Auch Matthias Bernhardt, Bürgermeister in Oberaudorf, kann Söders Vorschlag durchaus etwas abgewinnen, solange es keine einvernehmliche Lösung mit der österreichischen Seite gebe. Für seinen Brannenburger Kollegen Matthias Jokisch ist der Söder-Vorstoß sogar "alternativlos". Verkehr könne man das nämlich nicht mehr nennen, was sich da durch Brannenburg bewege. "Verkehr fließt ja, aber bei uns im Ort steht alles." Der Bürgermeister des Grenzorts Kiefersfelden, Hajo Gruber, zeigt bei all dem auch ein gewisses Verständnis für die Österreicher, die mit der Blockabfertigung aber über das Ziel hinausschössen. "Der Verkehr muss auf die Schiene, alles andere ist verrückt."
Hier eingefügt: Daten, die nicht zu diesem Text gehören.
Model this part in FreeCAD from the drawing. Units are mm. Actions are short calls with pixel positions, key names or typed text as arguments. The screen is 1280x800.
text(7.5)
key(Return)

Wie die Sperren funktionieren sollen, ist noch unklar

Genau das fordert Tirols Landeshauptmann Platter unablässig. Weil er dabei die längste Zeit das nötige Engagement auf deutscher Seite etwa für den Bau neuer Gleise zum Brennerbasistunnel vermisst hat, setzt er die Blockabfertigung offen als politisches Druckmittel ein. Söders Forderung interpretierte er am Mittwoch als Bestätigung der Tiroler Anti-Transit-Politik. "Der Transitverkehr entlang des Brennerkorridors entsteht nicht in Tirol oder Bayern. Vielmehr sind wir Opfer einer verfehlten europäischen Verkehrspolitik, die den Transport auf der Straße stark begünstigt und in den vergangenen Jahren eine Transitlawine ausgelöst hat." Zugleich lobt Platter, dass nach langem Widerstand der Staatsregierung und etlicher CSU-Verkehrsminister inzwischen auch Söder eine Verteuerung des Lkw-Transits über den Brenner verlangt.
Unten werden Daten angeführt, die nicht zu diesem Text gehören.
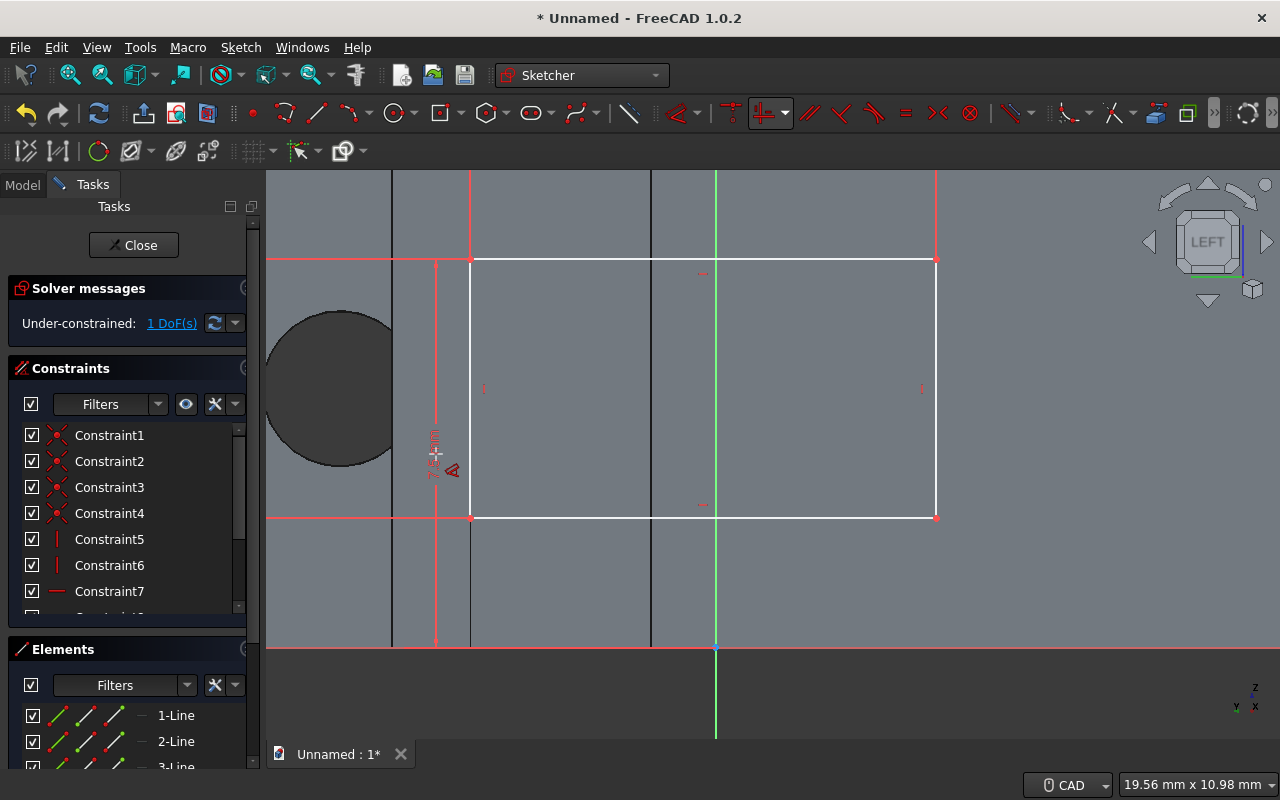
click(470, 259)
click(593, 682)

Wie das genau mit den neuen Sperren funktionieren soll, blieb am Mittwoch unklar - außer, dass sie nur für Lkws im Transitverkehr gelten sollen. Am Landratsamt Rosenheim wirkte man überrascht von Söders Tweet. Gespräche habe es zwar gegeben, zur Umsetzung wisse man aber nichts Näheres. Landrat Otto Lederer (CSU), der eine Reaktion auf die Blockabfertigung für "unausweichlich" hält, würde an den entsprechenden Tagen ein Sperren der Ausfahrten durch den Bund bevorzugen. "Plan B wäre, dass wir für die Staats- und Kreisstraßen selbständig Regelungen treffen." Das bayerische Innenministerium hat am Mittwoch nach eigenen Angaben die Regierung von Oberbayern gebeten, mit dem Landratsamt und den Gemeinden ein Konzept zu entwickeln, wie sich die betreffenden Ausfahrten für Lkws ab 7,5 Tonnen sperren lassen.